In [None]:
from google.colab import drive
drive.mount('/content/drive')

Mounted at /content/drive


##Copy image từ folder gốc qua drive riêng theo format folder của yolo/coco dataset

In [None]:
import os
import pandas as pd
import requests
import random
from sklearn.model_selection import train_test_split

# Paths and configurations
csv_path = "/content/UpdatedCarDataset.csv"  # Replace with your CSV file path
output_dir = "/content/drive/MyDrive/yolov11_car"
old_path = "/content/drive/MyDrive/Public"  # Replace with your base path
images_dir = os.path.join(output_dir, "images")
train_test_split_ratio = 0.8
images_per_label = 500

# Create directories
os.makedirs(output_dir, exist_ok=True)
os.makedirs(images_dir, exist_ok=True)

# Read CSV file without headers
df = pd.read_csv(csv_path, header=None, names=["path", "label"])
df['label'] = df['label'].astype(str)

# Function to copy an image
def copy_image(src, dest):
    try:
        if os.path.exists(src):
            os.makedirs(os.path.dirname(dest), exist_ok=True)
            with open(src, "rb") as fsrc, open(dest, "wb") as fdest:
                fdest.write(fsrc.read())
            return True
    except Exception as e:
        print(f"Failed to copy {src}: {e}")
    return False

# Process each label
for label in df['label'].unique():
    print(f"Processing label: {label}")
    label_df = df[df['label'] == label]
    label_output_dir = os.path.join(images_dir, label)
    os.makedirs(label_output_dir, exist_ok=True)

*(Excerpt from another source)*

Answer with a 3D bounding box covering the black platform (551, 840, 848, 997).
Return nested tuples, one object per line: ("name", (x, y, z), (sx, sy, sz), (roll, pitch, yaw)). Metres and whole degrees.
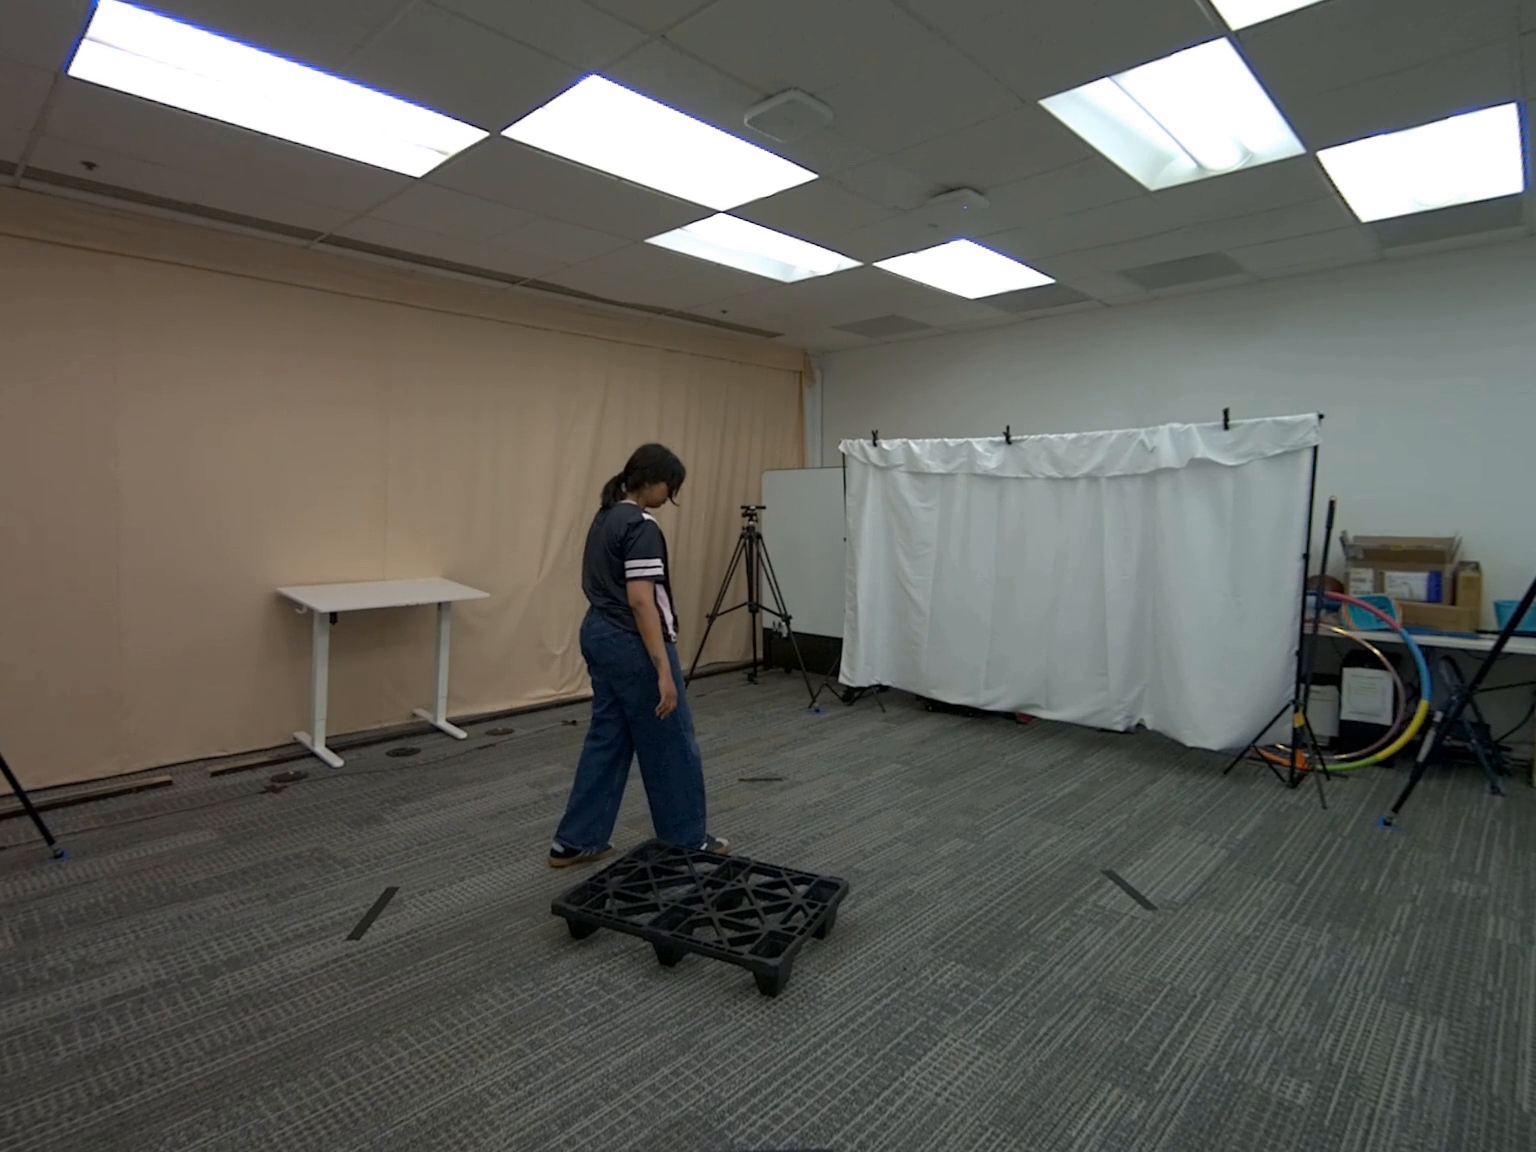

    # Copy images for the label
    copied_images = 0
    for _, row in label_df.iterrows():
        if copied_images >= images_per_label:
            break
        relative_path = row['path']
        full_path = os.path.join(old_path, relative_path)  # Construct full path
        output_path = os.path.join(label_output_dir, f"{copied_images}.jpg")
        if copy_image(full_path, output_path):
            copied_images += 1

    print(f"Copied {copied_images} images for label: {label}")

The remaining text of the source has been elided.